Je suis loin d'être le seul dans ce cas et les enseignants sont en première ligne. Force est de constater à la lecture des différents guides émis pour les conduites à tenir en période de confinement que cela ne va pas être simple et que la moindre action, le moindre geste devient vite un casse-tête.

Avant tout va se poser la question de la responsabilité.

Si un enfant ou plusieurs enfants sont infectés bien que nous ayons pris toutes les mesures de prévention possibles, que va-t-il se passer ? Certes des dispositions visent à atténuer quelque peu ce risque, hormis entre autres en cas de mise en danger d'autrui, de négligence ou d'imprudence, mais cela reste à l'appréciation du juge.

En temps normal, il est déjà difficile voire impossible de gérer un groupe d'enfants avec un taux de réussite de 100% alors je doute que la peur du virus annihile complètement des gestes familiers, habituels. Même nous, adultes, sommes susceptibles de faire nombre d'erreurs tout simplement machinalement. Sera ensuite jugé ce qui relève de la néglicence ou de l'imprudence, voire souvent de "la faute à pas de chance", mais je doute que ce dernier concept ait une quelconque possibilité d'existence en matière de justice. On se souvient tristement de "l'affaire de la frite de 2008" où une cliente a attaqué un fast-food pour avoir glissé sur une frite. Certes, l'établissement a depuis été reconnu non coupable mais je doute que qui ce soit actuellement ait envie de se retrouver au coeur d'un procès pour mise en danger de la vie d'autrui, quand bien même toutes les précautions auraient été prises...

Bref, la simple lecture du dispositif à mettre en place pour les récréations à l'école m'a fait penser à un de ces algorithmes que l'on pond après des heures de réflexion en se disant que l'on tient la "solution" avant de se replonger dedans et de laisser tomber. Nul doute qu'il est carré, pensé mais qu'il ne se confronte pas à la variable principale constituée par les enfants. Je ne prétends donc pas pour ma part apporter de solutions miracles mais donner quelques pistes dans un univers où le risque aura faibli et en tablant sur le fait que les enfants (et les adultes) sauront le respecter.

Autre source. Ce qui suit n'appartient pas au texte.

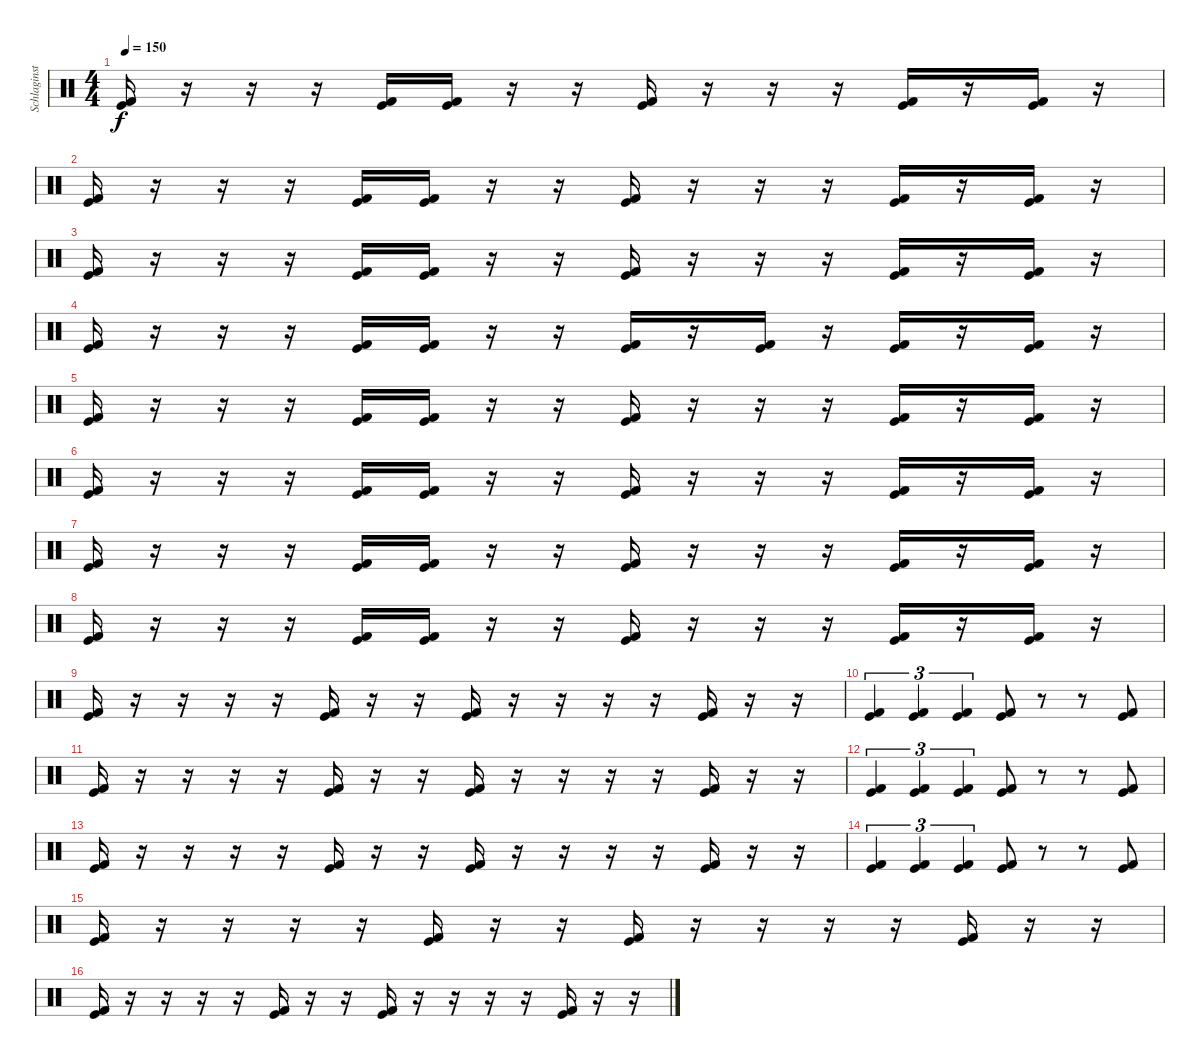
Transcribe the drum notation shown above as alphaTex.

Ils en sont capables mais tout comme nous ils sont faillibles.

Je vous propose donc ici ce qui sera ma feuille de route qui mérite certes d'être améliorée au fil du temps et des expériences.

Primo, adoptez le mode "sécurité - parano" ! Il ne s'agit pas d'être pessimiste mais de questionner sans cesse vos décisions. Mon leitmotiv sera la célèbre question "et si ?". Je compte tout planifier au maximum mais le "et si ?" me permettra d'envisager tous les cas de figure possibles et les attitudes à adopter.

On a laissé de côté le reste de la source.